Published online by Cambridge University Press:  30 April 2024

J.S. Kern*
Affiliation:
FLOW Turbulence Lab., Department of Engineering Mechanics, KTH Royal Institute of Technology, Stockholm SE-100 44, Sweden
D.C.P. Blanco
Affiliation:
Divisão de Engenharia Aeroespacial, Instituto Tecnológico de Aeronáutica, 12228-900 São José dos Campos, SP, Brazil
A.V.G. Cavalieri
Affiliation:
Divisão de Engenharia Aeroespacial, Instituto Tecnológico de Aeronáutica, 12228-900 São José dos Campos, SP, Brazil
P.S. Negi
Affiliation:
FLOW Turbulence Lab., Department of Engineering Mechanics, KTH Royal Institute of Technology, Stockholm SE-100 44, Sweden
A. Hanifi
Affiliation:
FLOW Turbulence Lab., Department of Engineering Mechanics, KTH Royal Institute of Technology, Stockholm SE-100 44, Sweden
D.S. Henningson
Affiliation:
FLOW Turbulence Lab., Department of Engineering Mechanics, KTH Royal Institute of Technology, Stockholm SE-100 44, Sweden
*
Email address for correspondence: skern@kth.se

Abstract

Thin airfoil dynamic stall at moderate Reynolds numbers is typically linked to the sudden bursting of a small laminar separation bubble close to the leading edge.
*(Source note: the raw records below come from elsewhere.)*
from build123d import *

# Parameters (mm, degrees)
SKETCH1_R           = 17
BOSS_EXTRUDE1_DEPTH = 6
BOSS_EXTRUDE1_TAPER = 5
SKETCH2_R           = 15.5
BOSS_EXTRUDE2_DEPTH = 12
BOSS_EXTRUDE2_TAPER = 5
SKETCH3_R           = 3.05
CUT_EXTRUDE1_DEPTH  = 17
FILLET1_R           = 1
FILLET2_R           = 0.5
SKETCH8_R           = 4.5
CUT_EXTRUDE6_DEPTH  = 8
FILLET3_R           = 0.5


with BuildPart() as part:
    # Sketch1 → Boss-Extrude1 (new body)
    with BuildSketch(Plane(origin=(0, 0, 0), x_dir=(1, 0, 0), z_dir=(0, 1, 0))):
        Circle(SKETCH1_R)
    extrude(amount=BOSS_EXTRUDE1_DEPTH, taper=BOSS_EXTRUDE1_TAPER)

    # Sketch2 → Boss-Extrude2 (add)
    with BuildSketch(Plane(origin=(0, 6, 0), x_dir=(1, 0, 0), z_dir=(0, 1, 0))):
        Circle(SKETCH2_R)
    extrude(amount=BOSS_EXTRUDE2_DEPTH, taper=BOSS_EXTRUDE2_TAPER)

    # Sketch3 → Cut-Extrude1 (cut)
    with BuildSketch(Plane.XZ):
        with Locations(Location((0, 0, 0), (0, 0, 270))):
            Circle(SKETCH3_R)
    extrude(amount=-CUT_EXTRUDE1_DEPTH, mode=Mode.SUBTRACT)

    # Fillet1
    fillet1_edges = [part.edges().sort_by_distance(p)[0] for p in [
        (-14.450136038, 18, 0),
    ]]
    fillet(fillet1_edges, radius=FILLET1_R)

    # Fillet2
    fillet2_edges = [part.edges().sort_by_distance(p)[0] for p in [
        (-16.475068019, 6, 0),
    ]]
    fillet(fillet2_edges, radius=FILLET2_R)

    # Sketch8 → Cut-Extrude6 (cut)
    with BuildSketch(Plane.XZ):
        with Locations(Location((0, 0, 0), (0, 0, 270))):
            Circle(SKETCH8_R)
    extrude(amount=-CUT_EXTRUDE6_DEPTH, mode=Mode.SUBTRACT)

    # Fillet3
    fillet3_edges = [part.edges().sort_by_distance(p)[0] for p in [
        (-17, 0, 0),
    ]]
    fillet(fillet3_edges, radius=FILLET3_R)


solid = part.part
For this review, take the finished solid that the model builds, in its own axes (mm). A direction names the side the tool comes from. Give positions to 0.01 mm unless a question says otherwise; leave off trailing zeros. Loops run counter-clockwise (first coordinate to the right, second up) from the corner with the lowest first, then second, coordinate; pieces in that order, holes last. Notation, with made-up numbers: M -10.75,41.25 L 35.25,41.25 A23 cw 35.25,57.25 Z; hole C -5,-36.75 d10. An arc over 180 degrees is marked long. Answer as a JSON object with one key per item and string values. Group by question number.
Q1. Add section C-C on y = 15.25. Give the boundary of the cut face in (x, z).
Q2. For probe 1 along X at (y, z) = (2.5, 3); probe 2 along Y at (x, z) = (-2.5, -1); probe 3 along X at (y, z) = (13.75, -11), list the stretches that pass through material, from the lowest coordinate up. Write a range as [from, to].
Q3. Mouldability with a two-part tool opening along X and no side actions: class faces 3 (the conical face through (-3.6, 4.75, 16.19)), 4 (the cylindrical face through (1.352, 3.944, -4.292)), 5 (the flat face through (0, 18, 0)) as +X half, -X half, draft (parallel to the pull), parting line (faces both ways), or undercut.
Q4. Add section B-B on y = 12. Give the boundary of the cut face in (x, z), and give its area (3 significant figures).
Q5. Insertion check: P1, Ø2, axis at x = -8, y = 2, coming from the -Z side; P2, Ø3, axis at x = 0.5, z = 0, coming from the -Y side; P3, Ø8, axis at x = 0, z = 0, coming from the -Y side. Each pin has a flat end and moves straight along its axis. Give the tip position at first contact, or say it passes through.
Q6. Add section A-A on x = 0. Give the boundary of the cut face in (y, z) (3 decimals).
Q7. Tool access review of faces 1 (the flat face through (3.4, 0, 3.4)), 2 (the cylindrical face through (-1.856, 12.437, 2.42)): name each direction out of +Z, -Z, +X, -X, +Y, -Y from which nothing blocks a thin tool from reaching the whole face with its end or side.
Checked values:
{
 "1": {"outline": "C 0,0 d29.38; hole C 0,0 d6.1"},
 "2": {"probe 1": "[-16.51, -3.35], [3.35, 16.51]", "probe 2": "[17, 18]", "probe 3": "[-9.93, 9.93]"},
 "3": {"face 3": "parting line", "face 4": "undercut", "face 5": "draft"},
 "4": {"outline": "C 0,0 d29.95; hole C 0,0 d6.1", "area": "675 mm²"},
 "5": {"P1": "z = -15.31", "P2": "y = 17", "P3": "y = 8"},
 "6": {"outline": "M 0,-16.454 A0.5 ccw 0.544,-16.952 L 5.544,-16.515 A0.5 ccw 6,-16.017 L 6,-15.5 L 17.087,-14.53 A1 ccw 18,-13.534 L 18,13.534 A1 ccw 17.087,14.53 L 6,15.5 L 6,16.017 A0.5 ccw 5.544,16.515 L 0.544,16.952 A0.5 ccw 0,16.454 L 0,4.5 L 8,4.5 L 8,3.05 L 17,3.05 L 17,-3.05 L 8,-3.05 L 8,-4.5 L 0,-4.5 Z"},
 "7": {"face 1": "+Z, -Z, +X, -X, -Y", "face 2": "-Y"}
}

Given the strong sensitivity of laminar separation bubbles to external disturbances, the onset of dynamic stall on a NACA0009 airfoil section subject to different levels of low-amplitude free stream disturbances is investigated using direct numerical simulations. The flow is practically indistinguishable from clean inflow simulations in the literature for turbulence intensities at the leading edge of ${Tu} = 0.02\,\%$. At slightly higher turbulence intensities of ${Tu} = 0.05\,\%$, the bursting process is found to be considerably less smooth and strong coherent vortex shedding from the laminar separation bubble is observed prior to the formation of the dynamic stall vortex (DSV). This phenomenon is considered in more detail by analysing its appearance in an ensemble of simulations comprising statistically independent realisations of the flow, thus proving its statistical relevance. In order to extract the transient dynamics of the vortex shedding, the classical proper orthogonal decomposition method is generalised to include time in the energy measure and applied to the time-resolved simulation data of incipient dynamic stall. Using this technique, the dominant transient spatiotemporally correlated features are distilled and the wave train of the vortex shedding prior to the emergence of the main DSV is reconstructed from the flow data exhibiting dynamics of large-scale coherent growth and decay within the turbulent boundary layer.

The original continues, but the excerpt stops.